Problem statement:
Return every line of the entries that includes the word "screenshot".

Excerpted data:
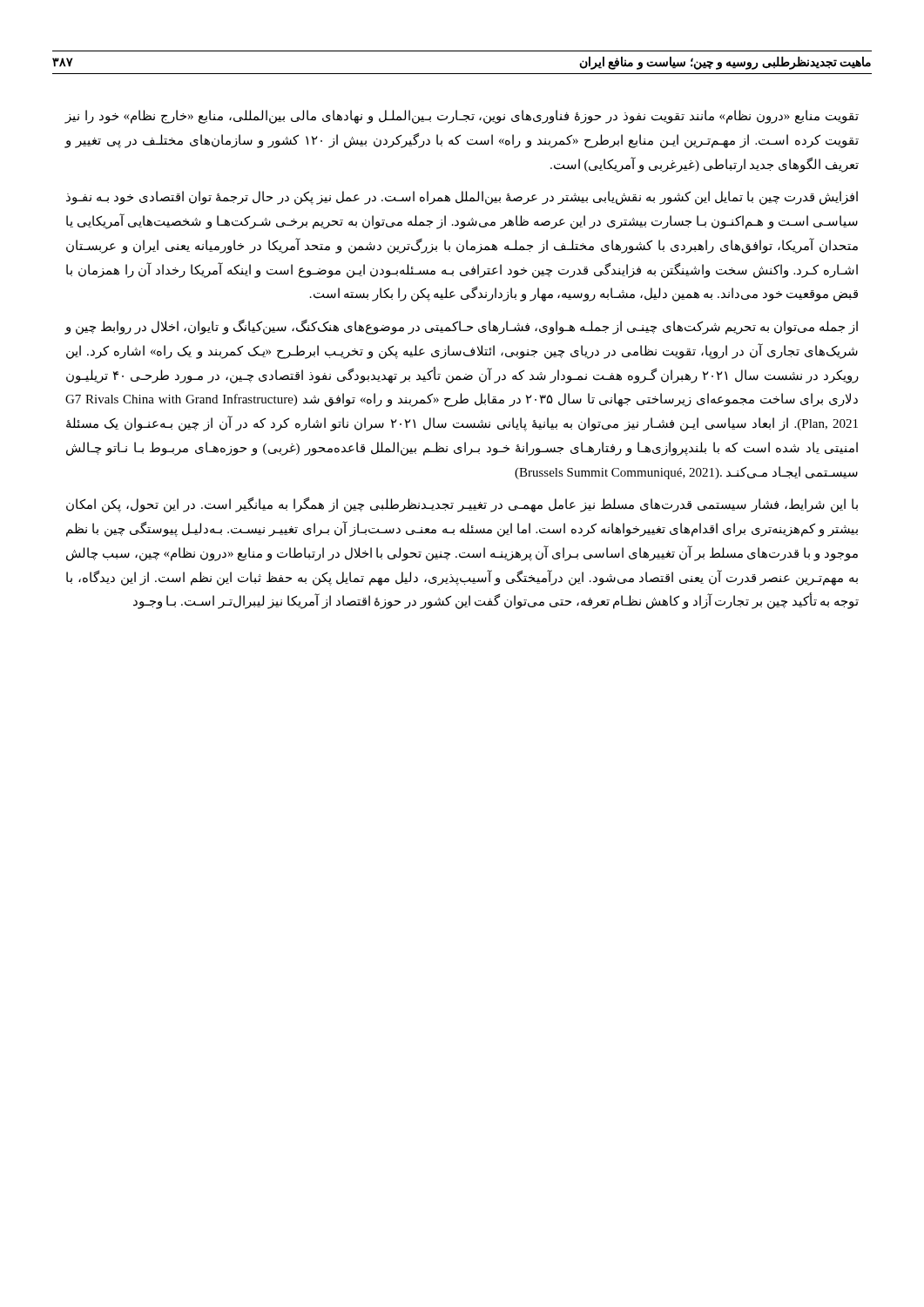Screen dimensions: 1307x924
Task: Where is the passage that starts "از جمله می‌توان"?
Action: point(462,399)
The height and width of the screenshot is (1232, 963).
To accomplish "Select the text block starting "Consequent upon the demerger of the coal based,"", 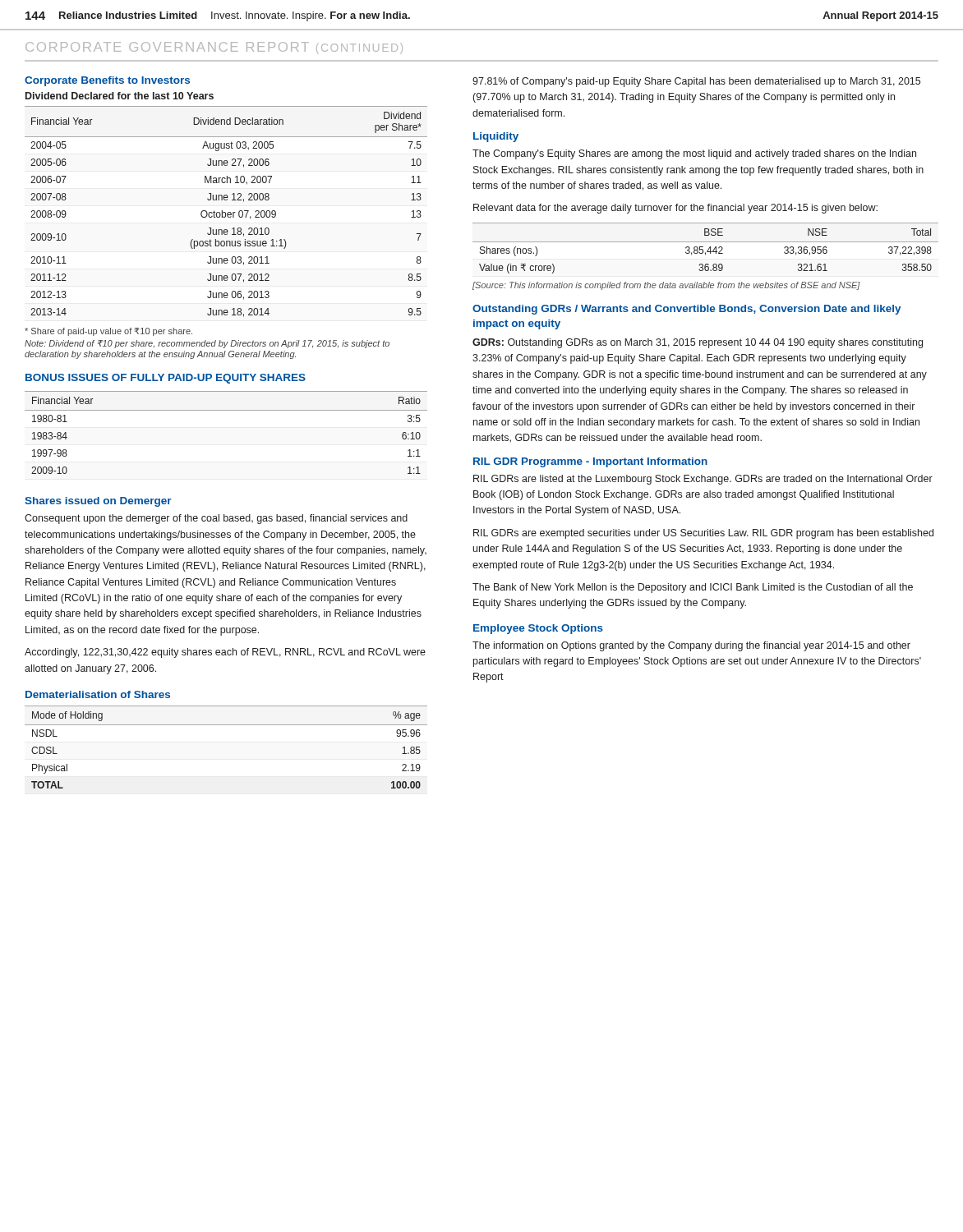I will 226,574.
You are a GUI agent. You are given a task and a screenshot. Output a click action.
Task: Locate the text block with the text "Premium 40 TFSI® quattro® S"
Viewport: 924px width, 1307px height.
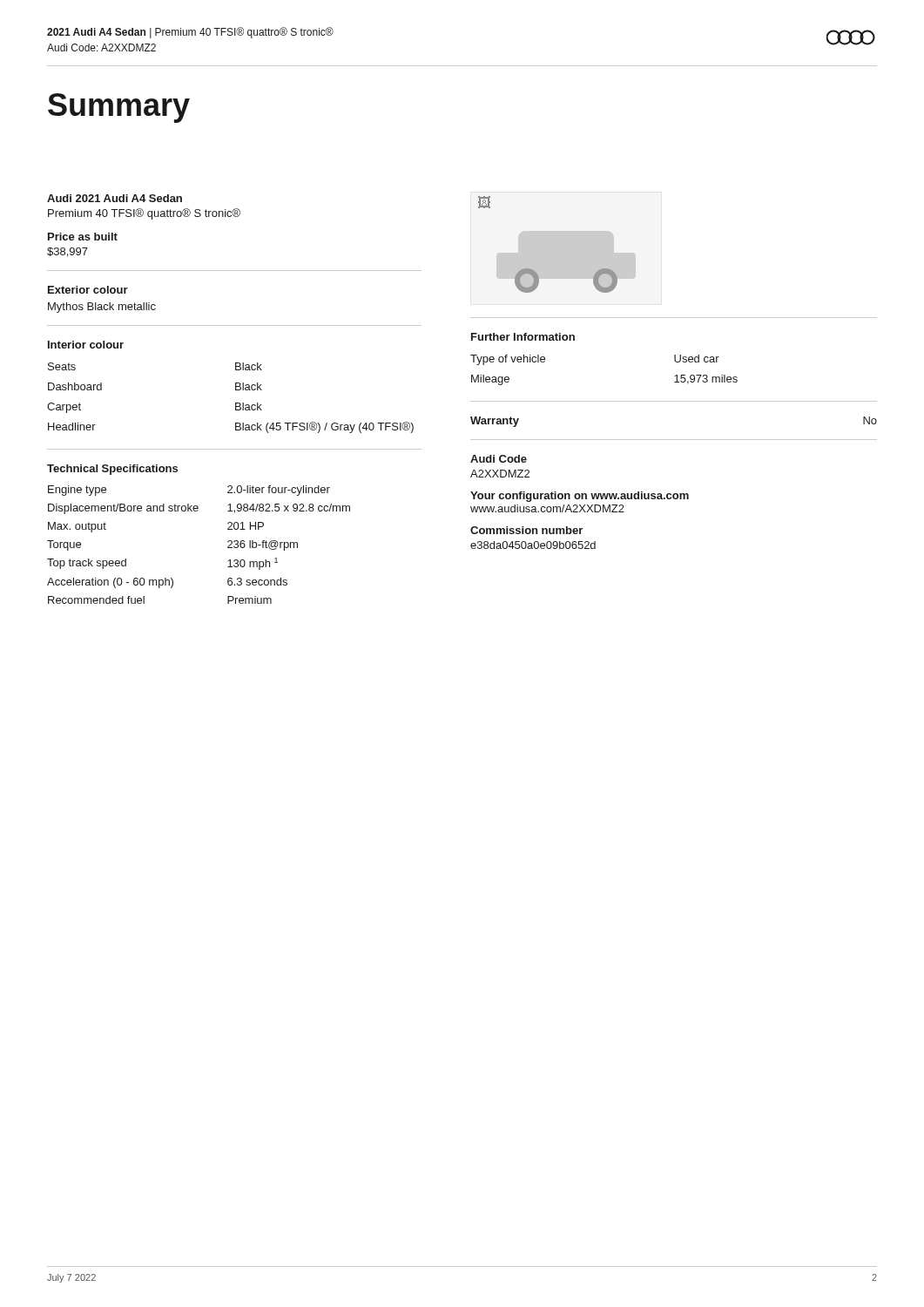coord(144,213)
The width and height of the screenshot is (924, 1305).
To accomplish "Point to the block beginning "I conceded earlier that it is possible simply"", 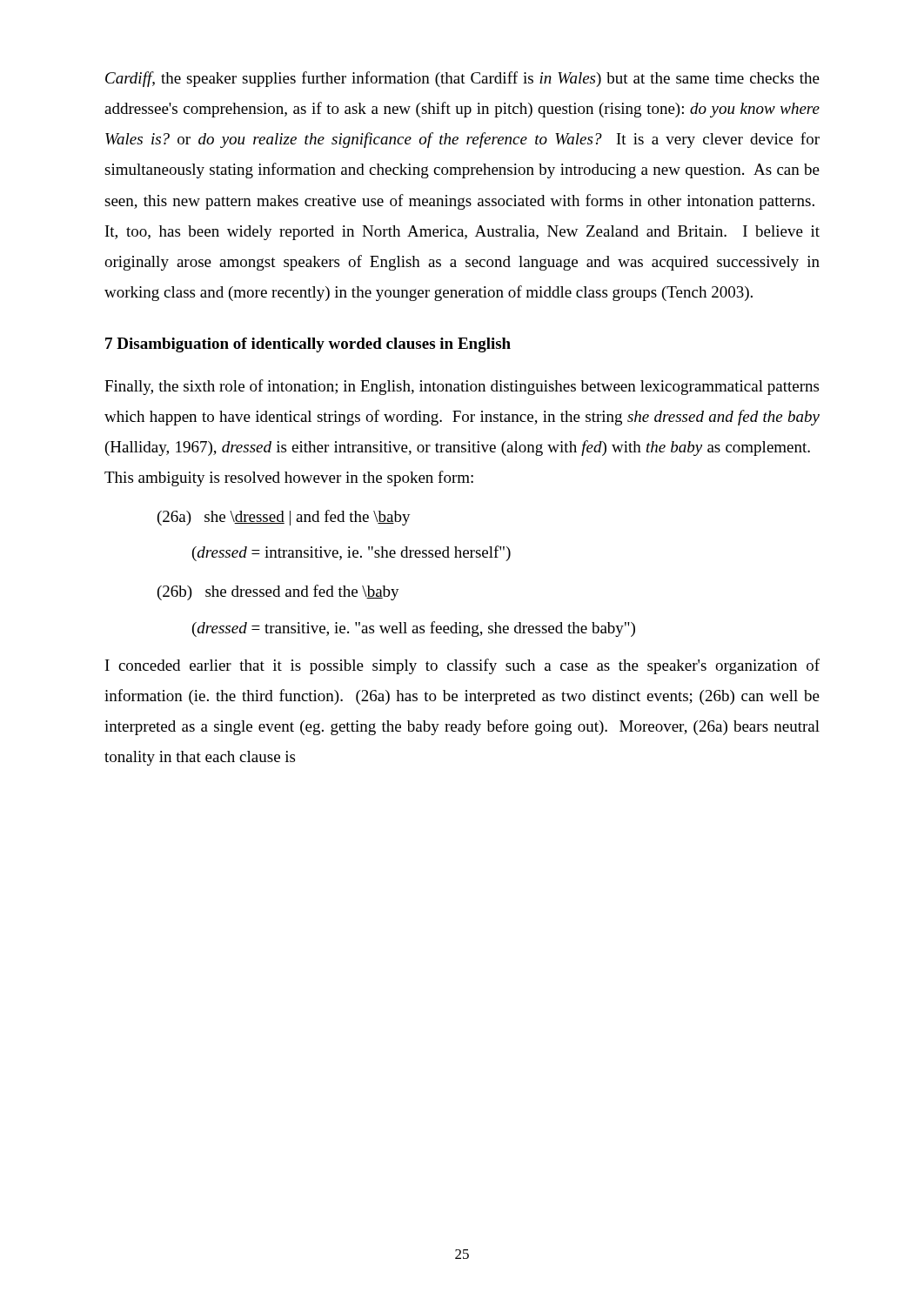I will [x=462, y=711].

Answer to the exercise:
The height and width of the screenshot is (1232, 963).
You are a GUI agent. You are given a task and a screenshot. Output a click action.
The width and height of the screenshot is (924, 1305).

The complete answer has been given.